Cryptographic Techniques. There are a number of cryptographic techniques that are employed to preserve the privacy in a distributed environment. It solves the problem of an untrusted environment. Cryptographic technique, such as homomorphic encryption can encrypt the data while it is sharing among different parties during processing in a collaborative environment [27]. This technique enables the data holder to process their encrypted data without privacy violation. Moreover, cryptographic approaches empower the parties to compute their results from aggregated input rather than sharing their original data [22, 24]. However, the involvement of a large number of participants can slow down the computation process. The use of data encryption during data analytics is difficult and it can also reduce the accuracy of the analysis.

2.2 Data in Transit

Distributed Privacy. Distributed privacy is popularized along with the attractiveness of distributed data mining.

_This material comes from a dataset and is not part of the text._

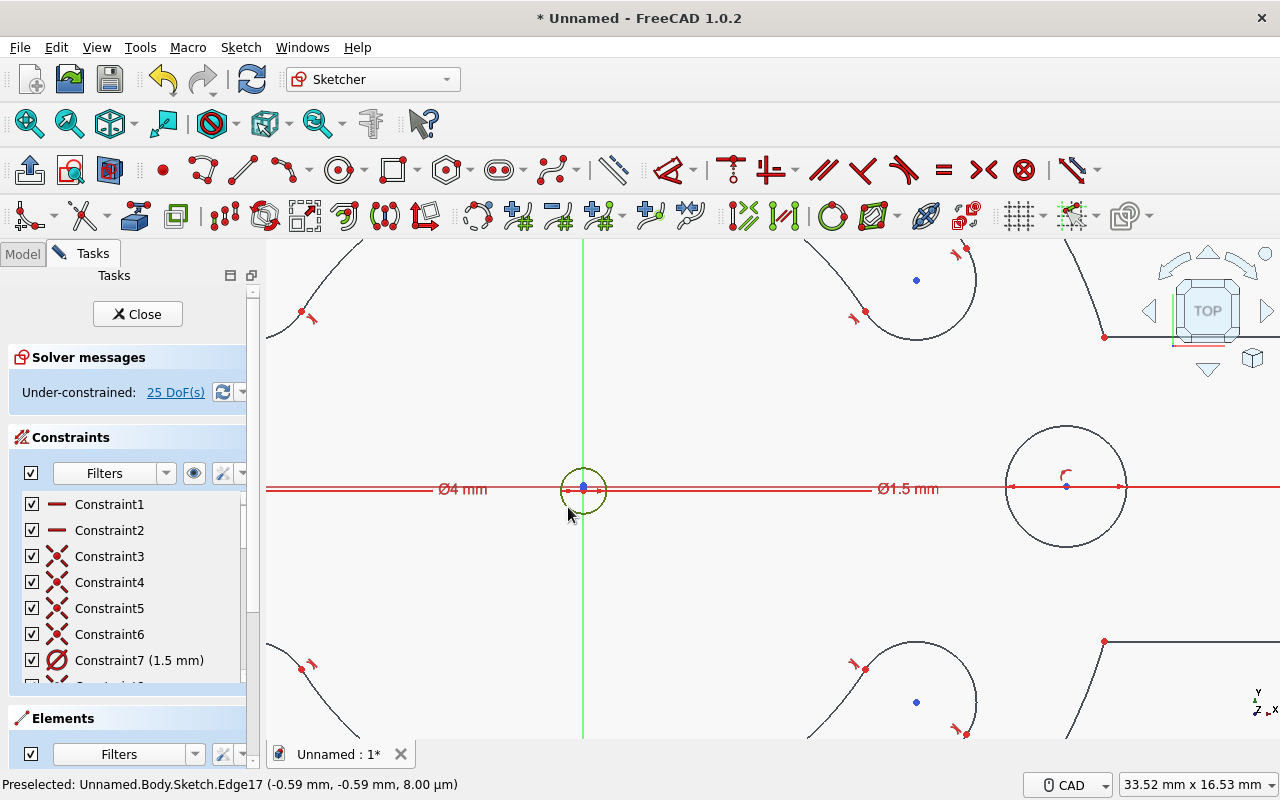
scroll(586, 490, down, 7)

The goal of this technique is to perform data analysis within a distributed environment without violating the privacy of the original data [12]. Many algorithms, such as Naïve Bayes, ID3 decision tree, K-nearest neighbours, Support vector machine have been implemented in a distributed environment. However, distributed privacy has some limitations. Some participants are fully or partially adversaries and they do not wish to share their local data records with others.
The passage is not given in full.